RECORDED DATA: Begin

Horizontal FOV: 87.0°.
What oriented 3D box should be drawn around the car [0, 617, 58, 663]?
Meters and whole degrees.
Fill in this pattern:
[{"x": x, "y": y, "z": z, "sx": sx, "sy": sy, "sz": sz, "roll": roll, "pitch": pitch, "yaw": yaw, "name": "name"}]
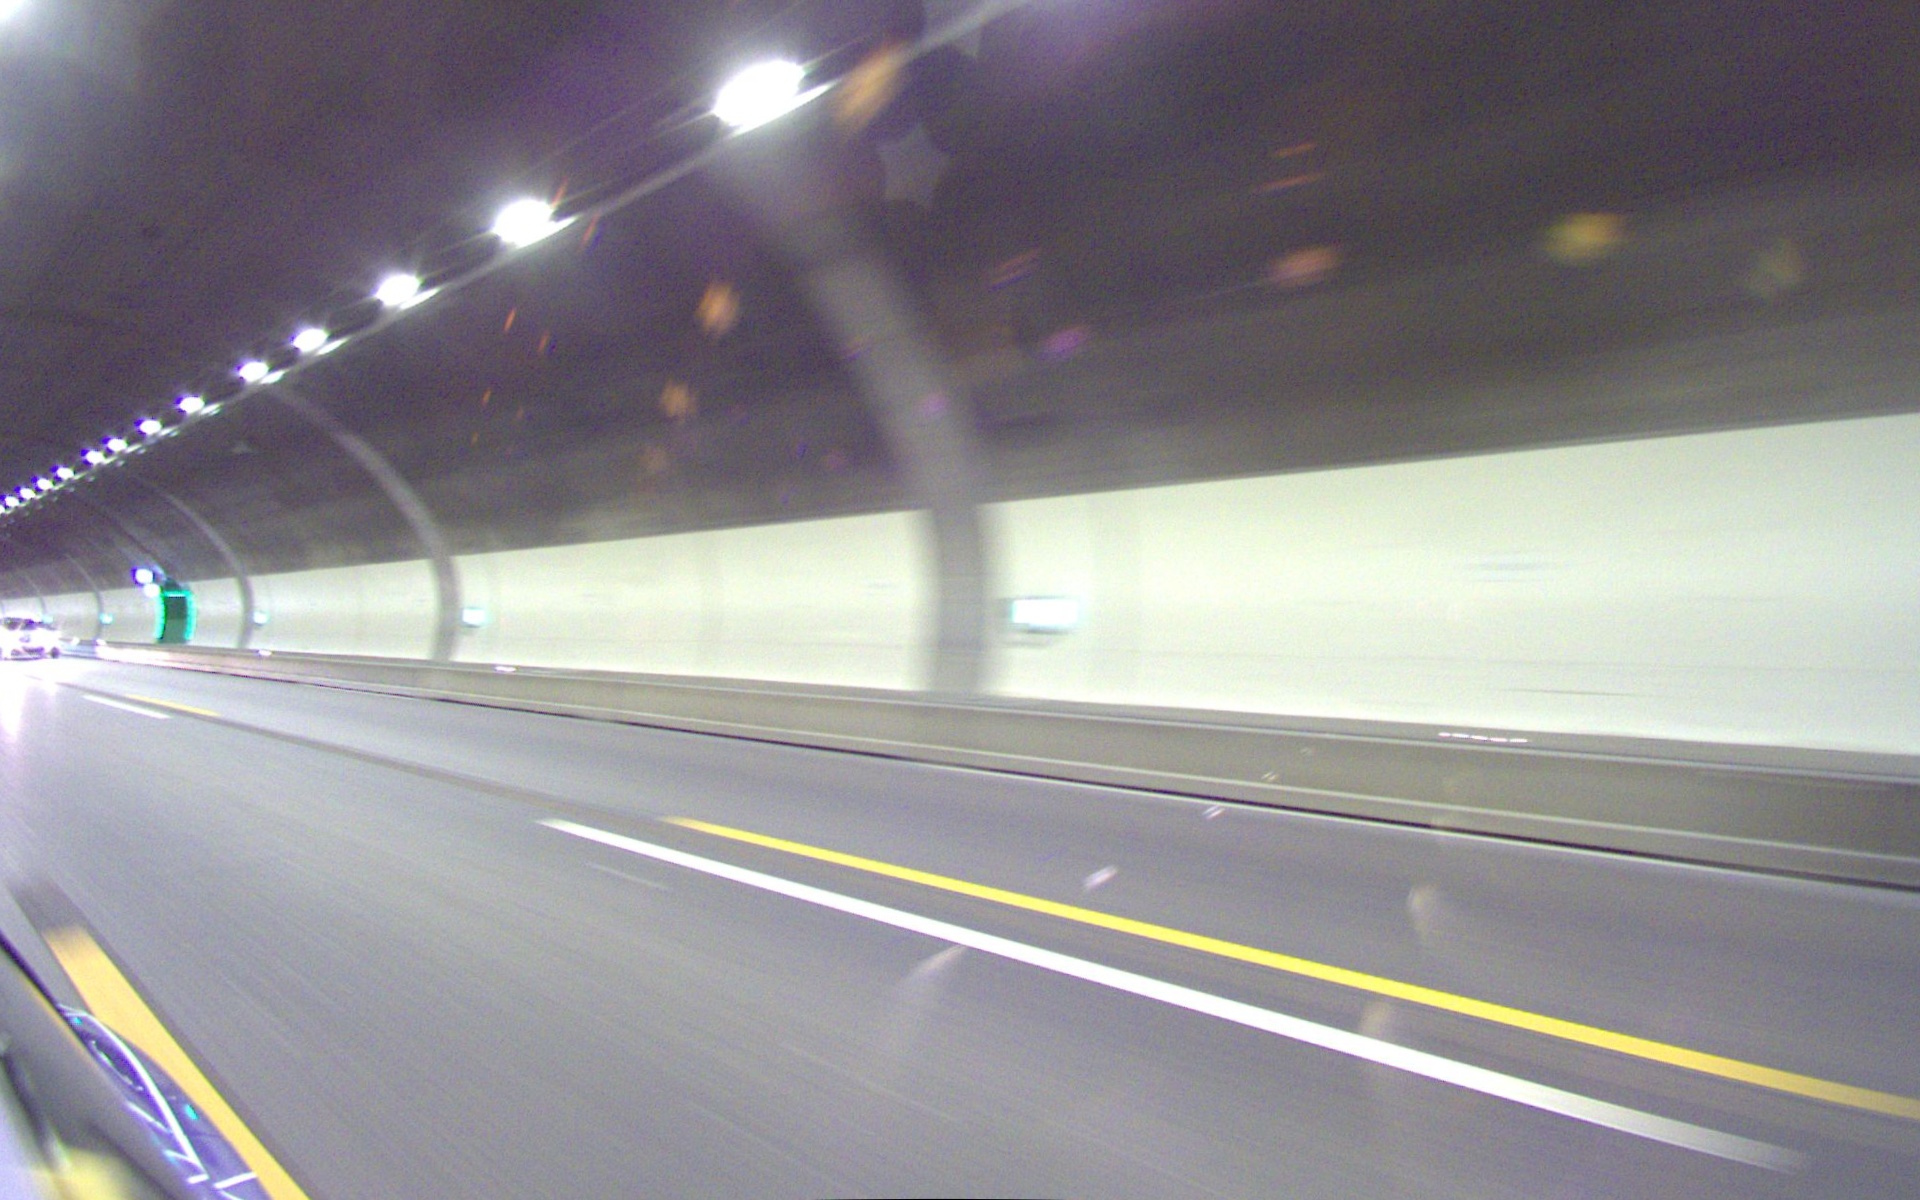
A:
[{"x": -34.577, "y": 1.440, "z": 37.042, "sx": 4.094, "sy": 1.584, "sz": 1.744, "roll": -1, "pitch": -1, "yaw": 40, "name": "car"}]

RECORDED DATA: End

▶ _WHAT IS EXPECTED_
The records above are to be repeated word for word, with the pictures omitted.

▶ _ANSWER SECTION_
Horizontal FOV: 87.0°.
What oriented 3D box should be drawn around the car [0, 617, 58, 663]?
Meters and whole degrees.
Fill in this pattern:
[{"x": x, "y": y, "z": z, "sx": sx, "sy": sy, "sz": sz, "roll": roll, "pitch": pitch, "yaw": yaw, "name": "name"}]
A:
[{"x": -34.577, "y": 1.440, "z": 37.042, "sx": 4.094, "sy": 1.584, "sz": 1.744, "roll": -1, "pitch": -1, "yaw": 40, "name": "car"}]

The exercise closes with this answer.